Business rivalry gaining momentum among local brands

Liberalisation of Rwanda’s economy has brought with it new realities. Different sectors of the economy are open than ever before. Competition is now a certainty. Three sectors, including telecoms, banking and beverages best capture this mood as rivalry takes root, thereby shaping up the dynamics of the entire economy.
Fred Oluoch-Ojiwah
Fred Oluoch-Ojiwah

Liberalisation of Rwanda’s economy has brought with it new realities. Different sectors of the economy are open than ever before. Competition is now a certainty. Three sectors, including telecoms, banking and beverages best capture this mood as rivalry takes root, thereby shaping up the dynamics of the entire economy.

The net effect is that the policies of yesteryears that were grounded in sheltered economics has given way to a more levelled playing field to determine the direction a particular sector takes.

It is of course the end users who are the major beneficiaries as costs are driven downwards while players make readjustments by seeking to be more efficient in order to remain relevant. Within banking, brands like Rwanda Commercial Bank (BCR) or Bank of Kigali (BK) are now radically repositioned with the aim of fenduing off intense competition from new entrants such as KCB, Equity, Fina Bank and the rest of the pack.

The new fact of life within banking dictates that new entrants such as KCB must work overtime to get by as well as stay afloat. Within less than five years of operations, KCB posted earnings worth over US$800,000 thus confirming what competition can do to any sector. Equity Bank says it is keen to shatter the KCB record by breaking even next year. It may make history if its aspirations come to pass.

 Older players like BCR went through an intense house cleaning exercise to post strong earnings last year. The metamorphosis of the main player, Bank of Kigali (BK), best illustrates the changing fortunes in the banking sector. In the last four years, BK has gone through one of the most intense   restructuring programmes in the country’s corporate sector.

According to authoritative analysts such as Renaissance Capital, the bank has meticulously built its brand compared to its peers. BK is now set to spread its footprints outside the country’s borders, the first such local firm to do so. One industry analyst says; “these are very exciting times to play in Rwanda’s banking sector.”

The same level of competition is happening in the telecoms sector. For instance, Tigo Rwanda made history subscribing one million users in less than five years of operation.

The dynamics saw calling costs prices plunge thereby bringing millions of Rwandans into the national telecoms network.
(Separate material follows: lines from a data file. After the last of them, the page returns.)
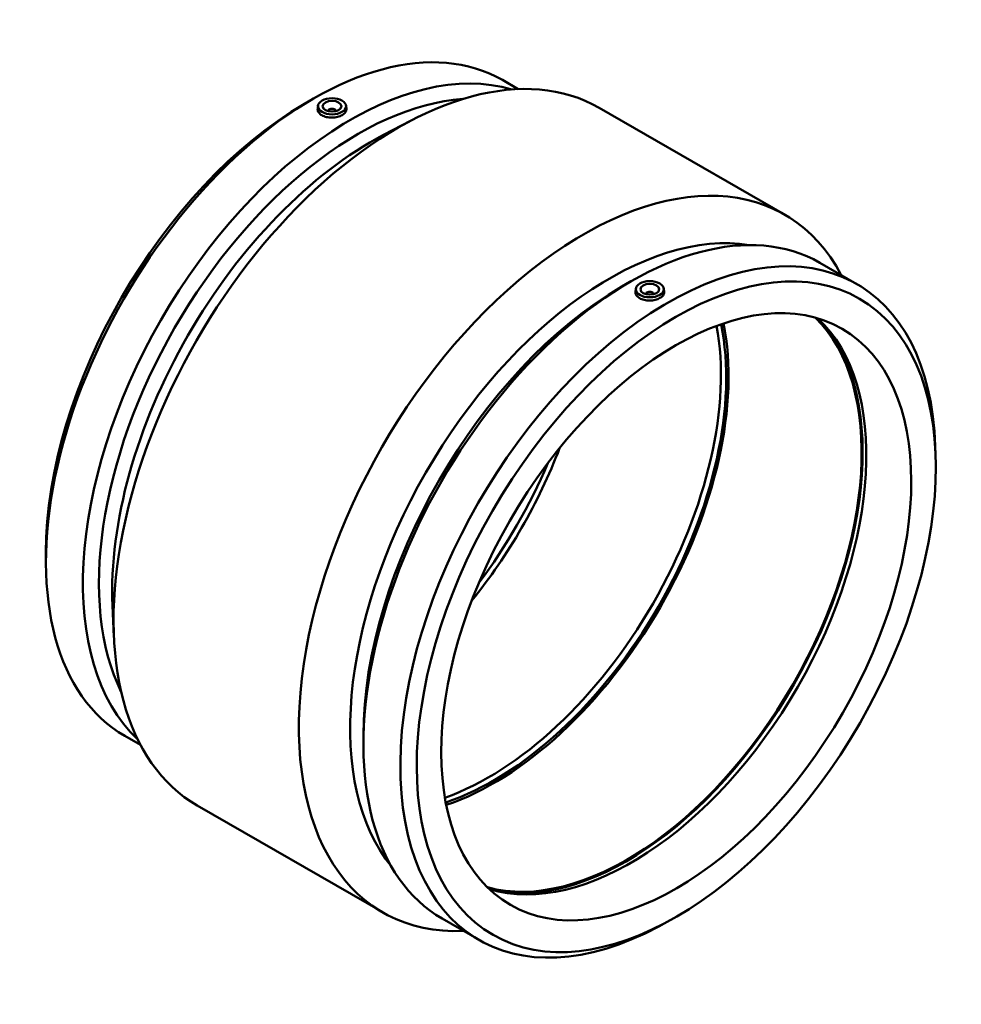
# Model space of a CAD drawing. Header units: millimetres. Extents: x -269 to 1215, y -320 to 1324.
# Tile 5 of 5: x 712 to 1215, y 798 to 1324. Entities that reach past the tile are written whole.
import ezdxf

# ---------------------------------------------------------------- set-up
doc = ezdxf.new("R2010")
doc.units = ezdxf.units.MM
doc.layers.add('Visible (ANSI)', color=7, linetype='Continuous', lineweight=50)

msp = doc.modelspace()

# ---------------------------------------------------------------- linework, layer by layer
at = {"layer": 'Visible (ANSI)'}
for p, q in [((969.707, 1291.373), (978.17, 1286.499)), ((864.029, 1278.664), (868.3, 1281.143)), ((871.229, 1277.603), (871.057, 1276.003)), ((876.715, 1274.884), (876.715, 1274.698)), ((880.715, 1274.884), (880.715, 1274.698)), ((886.2, 1277.603), (886.373, 1275.989)), ((1021.355, 1276.517), (1120.35, 1219.509)), ((906.282, 1262.089), (921.02, 1269.796)), ((1139.225, 1193.754), (1158.949, 1182.395)), ((1033.548, 1181.045), (1037.818, 1183.524)), ((1040.92, 1179.884), (1040.749, 1178.284)), ((1055.892, 1179.884), (1056.065, 1178.27)), ((1046.406, 1176.979), (1046.406, 1177.165)), ((1050.406, 1176.979), (1050.406, 1177.165)), ((1201.073, 1090.592), (1200.896, 1095.818)), ((725.946, 1038.879), (725.946, 1033.942)), ((761.49, 1010.655), (762.222, 994.04)), ((895.465, 941.26), (895.465, 936.323)), ((767.998, 941.1), (776.461, 936.226)), ((806.771, 903.886), (905.766, 846.878)), ((937.516, 843.481), (957.24, 832.122)), ((1057.785, 841.768), (1053.177, 839.298))]:
    msp.add_line(p, q, dxfattribs=at)
for centre, major_axis, ratio, start_param, end_param in [((868.853, 1116.236), (100.854, 175.137), 0.5780931, 0, 3.1415927), ((914.063, 1090.201), (107.292, 186.315), 0.5780931, 0, 3.1415927), ((888.577, 1104.878), (100.854, 175.137), 0.5780931, 0.136216, 3.0053767), ((864.565, 1118.705), (-97.829, -169.882), 0.5780931, 3.9289245, 5.4958534), ((892.864, 1102.409), (97.829, 169.882), 0.5780931, 0.3702717, 2.7713209), ((878.715, 1274.884), (-2, 0), 0.5758617, 2.9729035, 6.4518745), ((899.938, 1098.335), (-97.829, -169.882), 0.5780931, 3.8792812, 5.5454967), ((1013.058, 1033.194), (107.292, 186.315), 0.5780931, 5.9350193, 9.772944), ((1038.371, 1018.617), (100.854, 175.137), 0.5780931, 0, 3.1415927), ((1058.095, 1007.259), (100.854, 175.137), 0.5780931, 5.5341438, 10.1738194), ((1027.009, 1025.16), (97.829, 169.882), 0.5780931, 0.2152781, 2.9263146), ((1034.084, 1021.086), (-97.829, -169.882), 0.5780931, 3.9289245, 5.4958534), ((1048.406, 1177.165), (-2, 0), 0.5758617, 2.9729035, 6.4518745), ((1036.051, 1019.953), (-88.578, -153.819), 0.5780931, 0.1495901, 2.9920026), ((1038.544, 1018.517), (-88.578, -153.819), 0.5780931, 0.1354273, 3.0061654), ((1036.051, 1019.953), (-88.952, -154.468), 0.5780931, 0.1649816, 2.9766111), ((962.146, 1062.512), (87.692, 152.28), 0.5780931, 3.7376657, 5.6871123), ((964.975, 1060.883), (87.692, 152.28), 0.5780931, 3.7180704, 5.7067075), ((964.975, 1060.883), (88.578, 153.819), 0.5780931, 3.7223899, 5.702388), ((891.07, 1103.442), (88.578, 153.819), 0.5780931, 4.4442007, 4.9805773), ((888.577, 1104.878), (88.578, 153.819), 0.5780931, 4.5035471, 4.9212309)]:
    msp.add_ellipse(centre, major_axis=major_axis, ratio=ratio, start_param=start_param, end_param=end_param, dxfattribs=at)
for centre, major_axis, ratio in [((878.715, 1277.336), (-7.5, 0), 0.5758617), ((878.715, 1277.336), (-5, 0), 0.5758617), ((1062.555, 1004.69), (-97.829, -169.882), 0.5780931), ((1062.555, 1004.69), (-88.578, -153.819), 0.5780931), ((1048.406, 1179.618), (-7.5, 0), 0.5758617), ((1048.406, 1179.618), (-5, 0), 0.5758617)]:
    msp.add_ellipse(centre, major_axis=major_axis, ratio=ratio, dxfattribs=at)
for points, knots in [([(886.373, 1275.989), (886.383, 1275.9), (886.388, 1275.812), (886.386, 1275.185), (886.192, 1274.61), (885.408, 1273.544), (884.817, 1273.054), (883.454, 1272.269), (882.592, 1271.923), (880.702, 1271.448), (879.675, 1271.321), (877.749, 1271.289), (876.721, 1271.384), (874.829, 1271.811), (873.966, 1272.145), (872.603, 1272.929), (872.013, 1273.433), (871.232, 1274.544), (871.041, 1275.152), (871.042, 1275.815), (871.048, 1275.909), (871.058, 1276.003)], [0.5316036, 0.5316036, 0.5316036, 0.5316036, 0.5782037, 0.5782037, 0.8671958, 0.8671958, 1.156188, 1.156188, 1.4451801, 1.4451801, 1.7341723, 1.7341723, 2.0232741, 2.0232741, 2.312376, 2.312376, 2.6014778, 2.6014778, 2.8905797, 2.8905797, 2.9376663, 2.9376663, 2.9376663, 2.9376663]), ([(1042.976, 1174.818), (1042.295, 1175.211), (1041.705, 1175.714), (1040.923, 1176.826), (1040.732, 1177.433), (1040.734, 1178.096), (1040.739, 1178.19), (1040.75, 1178.284)], [0, 0, 0, 0, 0.28910185, 0.28910185, 0.5782037, 0.5782037, 0.62529029, 0.62529029, 0.62529029, 0.62529029]), ([(1056.064, 1178.27), (1056.074, 1178.181), (1056.079, 1178.093), (1056.077, 1177.467), (1055.884, 1176.891), (1055.099, 1175.825), (1054.508, 1175.335), (1053.146, 1174.55), (1052.283, 1174.204), (1050.394, 1173.73), (1049.367, 1173.602), (1047.44, 1173.571), (1046.412, 1173.665), (1044.521, 1174.092), (1043.658, 1174.426), (1042.976, 1174.818)], [2.8439796, 2.8439796, 2.8439796, 2.8439796, 2.8905797, 2.8905797, 3.1795718, 3.1795718, 3.468564, 3.468564, 3.7575561, 3.7575561, 4.0465483, 4.0465483, 4.3356501, 4.3356501, 4.624752, 4.624752, 4.624752, 4.624752])]:
    msp.add_open_spline(points, degree=3, knots=knots, dxfattribs=at)

doc.saveas('drawing.dxf')

Industry observers are keenly waiting to see what new entrant, Bharti Airtel, how the situation envelops in the next six months.

In the beer industry, Rwandans have been treated to what amounts to high octane drama in the last few months.

Two players Bralirwa Ltd, the largest in the market and its rival Brasserie des Mille Collines Ltd (BMC) have chosen to engage consumers using different value propositions but with different forms of consequences.

Bralirwa launched the second season of its famed Primus brand activation contest  dubbed “Primus Guma Guma” Super star  talent search  while BMC plotted a classical consumer promotion dubbed “Drink and Win” with Skol.

What is important in this case is the level headedness in reporting how the drama unfolds.  The fact of life is that competition is here with us. It is a new fact of life. Both brewers are aware of the effects of competition.

However, it is only too early in the day to say which brand is really winning the hearts and minds of consumers.